***** Recorded information

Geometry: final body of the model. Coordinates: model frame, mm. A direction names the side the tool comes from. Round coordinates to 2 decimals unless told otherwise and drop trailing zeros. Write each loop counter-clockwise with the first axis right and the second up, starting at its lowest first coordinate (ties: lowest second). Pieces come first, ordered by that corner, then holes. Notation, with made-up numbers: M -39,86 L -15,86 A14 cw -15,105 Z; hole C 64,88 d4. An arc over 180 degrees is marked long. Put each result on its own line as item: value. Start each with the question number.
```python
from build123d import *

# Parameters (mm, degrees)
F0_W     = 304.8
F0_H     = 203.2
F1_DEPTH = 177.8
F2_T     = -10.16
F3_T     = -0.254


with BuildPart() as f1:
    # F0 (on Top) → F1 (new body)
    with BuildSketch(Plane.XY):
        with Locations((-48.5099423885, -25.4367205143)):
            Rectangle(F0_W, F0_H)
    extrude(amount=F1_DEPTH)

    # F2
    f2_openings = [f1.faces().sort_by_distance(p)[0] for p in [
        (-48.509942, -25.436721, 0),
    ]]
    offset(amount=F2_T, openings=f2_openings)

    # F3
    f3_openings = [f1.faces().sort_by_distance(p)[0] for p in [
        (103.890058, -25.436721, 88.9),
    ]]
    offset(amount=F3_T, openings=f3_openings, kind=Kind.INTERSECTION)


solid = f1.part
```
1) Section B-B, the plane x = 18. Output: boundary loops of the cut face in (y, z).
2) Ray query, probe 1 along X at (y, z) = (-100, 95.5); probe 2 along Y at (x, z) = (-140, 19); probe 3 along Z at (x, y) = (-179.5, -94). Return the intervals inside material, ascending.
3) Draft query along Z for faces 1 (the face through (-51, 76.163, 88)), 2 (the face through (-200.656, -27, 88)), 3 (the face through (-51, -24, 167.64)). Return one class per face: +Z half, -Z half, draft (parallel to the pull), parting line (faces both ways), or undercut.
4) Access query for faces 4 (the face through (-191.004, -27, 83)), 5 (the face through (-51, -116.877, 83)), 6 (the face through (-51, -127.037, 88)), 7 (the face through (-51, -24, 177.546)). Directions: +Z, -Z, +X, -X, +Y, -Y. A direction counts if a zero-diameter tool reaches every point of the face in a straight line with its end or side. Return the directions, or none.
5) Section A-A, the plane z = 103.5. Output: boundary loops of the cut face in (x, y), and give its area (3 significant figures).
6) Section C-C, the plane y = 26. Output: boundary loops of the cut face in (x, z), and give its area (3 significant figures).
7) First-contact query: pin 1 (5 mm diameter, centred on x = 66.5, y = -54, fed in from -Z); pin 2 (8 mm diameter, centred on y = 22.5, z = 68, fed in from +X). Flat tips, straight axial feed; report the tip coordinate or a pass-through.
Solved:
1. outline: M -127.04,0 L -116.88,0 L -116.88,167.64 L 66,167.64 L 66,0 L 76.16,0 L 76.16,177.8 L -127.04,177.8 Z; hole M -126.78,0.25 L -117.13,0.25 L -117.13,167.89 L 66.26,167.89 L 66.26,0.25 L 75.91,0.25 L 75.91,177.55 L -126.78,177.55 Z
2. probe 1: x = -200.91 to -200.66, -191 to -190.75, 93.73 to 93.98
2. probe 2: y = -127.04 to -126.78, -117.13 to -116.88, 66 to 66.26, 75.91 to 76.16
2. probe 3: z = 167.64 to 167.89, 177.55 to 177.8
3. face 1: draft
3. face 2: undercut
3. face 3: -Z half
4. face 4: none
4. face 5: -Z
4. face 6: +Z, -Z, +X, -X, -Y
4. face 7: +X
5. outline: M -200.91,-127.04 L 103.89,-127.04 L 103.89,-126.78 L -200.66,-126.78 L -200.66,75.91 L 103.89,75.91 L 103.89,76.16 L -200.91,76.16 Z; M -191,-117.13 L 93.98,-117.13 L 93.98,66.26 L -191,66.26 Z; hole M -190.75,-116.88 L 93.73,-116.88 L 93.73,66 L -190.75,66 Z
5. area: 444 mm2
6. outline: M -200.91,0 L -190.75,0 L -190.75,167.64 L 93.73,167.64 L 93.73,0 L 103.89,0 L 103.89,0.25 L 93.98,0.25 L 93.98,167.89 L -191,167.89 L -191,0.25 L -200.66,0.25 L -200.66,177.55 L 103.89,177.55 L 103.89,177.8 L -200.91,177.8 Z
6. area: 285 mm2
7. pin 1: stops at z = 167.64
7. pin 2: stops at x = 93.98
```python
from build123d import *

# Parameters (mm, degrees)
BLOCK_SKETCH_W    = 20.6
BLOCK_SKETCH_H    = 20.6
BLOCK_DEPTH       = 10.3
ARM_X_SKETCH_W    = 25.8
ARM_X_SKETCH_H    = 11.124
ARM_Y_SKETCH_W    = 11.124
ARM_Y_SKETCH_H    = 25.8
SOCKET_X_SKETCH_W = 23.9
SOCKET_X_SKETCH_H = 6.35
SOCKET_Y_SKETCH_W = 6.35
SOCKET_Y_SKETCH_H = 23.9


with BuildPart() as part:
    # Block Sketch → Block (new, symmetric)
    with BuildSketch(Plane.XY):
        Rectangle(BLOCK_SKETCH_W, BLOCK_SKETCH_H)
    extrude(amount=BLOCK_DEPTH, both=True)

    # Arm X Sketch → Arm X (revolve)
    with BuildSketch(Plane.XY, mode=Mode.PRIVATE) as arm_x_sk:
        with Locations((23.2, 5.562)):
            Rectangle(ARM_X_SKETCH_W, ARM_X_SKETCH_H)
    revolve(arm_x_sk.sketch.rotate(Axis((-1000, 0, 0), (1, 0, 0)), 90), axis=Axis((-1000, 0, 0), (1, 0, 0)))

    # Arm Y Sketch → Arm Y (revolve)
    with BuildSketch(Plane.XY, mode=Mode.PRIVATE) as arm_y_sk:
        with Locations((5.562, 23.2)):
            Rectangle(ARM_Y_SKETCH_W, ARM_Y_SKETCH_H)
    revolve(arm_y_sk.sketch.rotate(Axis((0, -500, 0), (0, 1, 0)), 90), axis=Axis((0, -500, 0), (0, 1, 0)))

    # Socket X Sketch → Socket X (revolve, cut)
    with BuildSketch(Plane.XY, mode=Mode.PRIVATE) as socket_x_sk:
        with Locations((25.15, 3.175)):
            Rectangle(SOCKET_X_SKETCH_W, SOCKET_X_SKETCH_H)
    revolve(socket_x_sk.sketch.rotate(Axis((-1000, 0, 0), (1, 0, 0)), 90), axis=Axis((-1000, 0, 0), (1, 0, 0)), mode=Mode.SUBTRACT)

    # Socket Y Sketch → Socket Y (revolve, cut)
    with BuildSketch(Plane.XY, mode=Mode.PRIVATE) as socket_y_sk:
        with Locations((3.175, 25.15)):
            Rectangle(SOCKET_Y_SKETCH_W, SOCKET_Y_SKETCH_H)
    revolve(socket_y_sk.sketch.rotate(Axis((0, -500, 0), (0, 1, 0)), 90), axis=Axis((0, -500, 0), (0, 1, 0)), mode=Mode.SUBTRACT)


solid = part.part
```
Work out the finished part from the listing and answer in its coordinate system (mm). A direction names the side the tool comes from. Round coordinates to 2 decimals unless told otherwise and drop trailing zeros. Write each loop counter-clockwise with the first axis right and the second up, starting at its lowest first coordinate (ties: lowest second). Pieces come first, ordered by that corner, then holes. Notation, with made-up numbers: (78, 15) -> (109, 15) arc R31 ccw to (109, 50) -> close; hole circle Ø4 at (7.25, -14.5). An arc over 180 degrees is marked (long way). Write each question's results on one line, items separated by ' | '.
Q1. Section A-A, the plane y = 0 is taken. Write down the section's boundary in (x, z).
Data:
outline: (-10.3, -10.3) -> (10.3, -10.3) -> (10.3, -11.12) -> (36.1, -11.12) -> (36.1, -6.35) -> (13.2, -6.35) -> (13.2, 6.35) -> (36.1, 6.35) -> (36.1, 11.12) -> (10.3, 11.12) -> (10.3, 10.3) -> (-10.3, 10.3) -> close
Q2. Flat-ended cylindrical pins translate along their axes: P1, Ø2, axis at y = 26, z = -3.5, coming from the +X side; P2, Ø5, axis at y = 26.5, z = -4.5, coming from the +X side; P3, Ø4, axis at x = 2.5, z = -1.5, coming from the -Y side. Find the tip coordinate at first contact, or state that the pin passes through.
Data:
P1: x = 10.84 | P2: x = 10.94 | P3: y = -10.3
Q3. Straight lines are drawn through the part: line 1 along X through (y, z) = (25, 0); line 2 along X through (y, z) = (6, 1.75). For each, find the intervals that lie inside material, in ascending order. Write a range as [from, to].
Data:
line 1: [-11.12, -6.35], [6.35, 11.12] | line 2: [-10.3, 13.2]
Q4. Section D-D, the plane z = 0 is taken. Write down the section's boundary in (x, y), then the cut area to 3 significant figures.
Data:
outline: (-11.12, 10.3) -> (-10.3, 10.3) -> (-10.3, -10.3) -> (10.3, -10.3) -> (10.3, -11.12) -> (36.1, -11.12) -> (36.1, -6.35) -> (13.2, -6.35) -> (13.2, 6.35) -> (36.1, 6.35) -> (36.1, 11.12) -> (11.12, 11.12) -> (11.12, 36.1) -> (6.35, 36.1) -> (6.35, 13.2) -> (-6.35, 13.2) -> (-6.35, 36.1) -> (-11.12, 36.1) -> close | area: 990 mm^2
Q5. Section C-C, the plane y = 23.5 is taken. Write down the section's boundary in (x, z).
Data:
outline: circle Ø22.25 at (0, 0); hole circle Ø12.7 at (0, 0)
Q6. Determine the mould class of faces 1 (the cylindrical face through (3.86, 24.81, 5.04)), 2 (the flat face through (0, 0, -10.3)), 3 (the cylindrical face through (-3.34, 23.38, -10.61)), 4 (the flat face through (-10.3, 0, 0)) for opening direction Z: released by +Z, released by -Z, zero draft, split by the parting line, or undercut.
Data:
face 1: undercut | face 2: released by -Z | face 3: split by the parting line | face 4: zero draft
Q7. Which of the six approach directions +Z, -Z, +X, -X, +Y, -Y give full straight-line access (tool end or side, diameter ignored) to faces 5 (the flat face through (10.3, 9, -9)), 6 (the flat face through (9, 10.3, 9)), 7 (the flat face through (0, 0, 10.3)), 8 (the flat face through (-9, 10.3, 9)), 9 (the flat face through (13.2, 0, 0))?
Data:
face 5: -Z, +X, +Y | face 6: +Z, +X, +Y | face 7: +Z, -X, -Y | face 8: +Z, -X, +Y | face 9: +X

**********

* **Required action**: Everything from the first line of the records above through the line containing "2) Ray query, probe" should be restated word for word; leave out all other lines.

* **Result of the exercise**:
Geometry: final body of the model. Coordinates: model frame, mm. A direction names the side the tool comes from. Round coordinates to 2 decimals unless told otherwise and drop trailing zeros. Write each loop counter-clockwise with the first axis right and the second up, starting at its lowest first coordinate (ties: lowest second). Pieces come first, ordered by that corner, then holes. Notation, with made-up numbers: M -39,86 L -15,86 A14 cw -15,105 Z; hole C 64,88 d4. An arc over 180 degrees is marked long. Put each result on its own line as item: value. Start each with the question number.
```python
from build123d import *

# Parameters (mm, degrees)
F0_W     = 304.8
F0_H     = 203.2
F1_DEPTH = 177.8
F2_T     = -10.16
F3_T     = -0.254


with BuildPart() as f1:
    # F0 (on Top) → F1 (new body)
    with BuildSketch(Plane.XY):
        with Locations((-48.5099423885, -25.4367205143)):
            Rectangle(F0_W, F0_H)
    extrude(amount=F1_DEPTH)

    # F2
    f2_openings = [f1.faces().sort_by_distance(p)[0] for p in [
        (-48.509942, -25.436721, 0),
    ]]
    offset(amount=F2_T, openings=f2_openings)

    # F3
    f3_openings = [f1.faces().sort_by_distance(p)[0] for p in [
        (103.890058, -25.436721, 88.9),
    ]]
    offset(amount=F3_T, openings=f3_openings, kind=Kind.INTERSECTION)


solid = f1.part
```
1) Section B-B, the plane x = 18. Output: boundary loops of the cut face in (y, z).
2) Ray query, probe 1 along X at (y, z) = (-100, 95.5); probe 2 along Y at (x, z) = (-140, 19); probe 3 along Z at (x, y) = (-179.5, -94). Return the intervals inside material, ascending.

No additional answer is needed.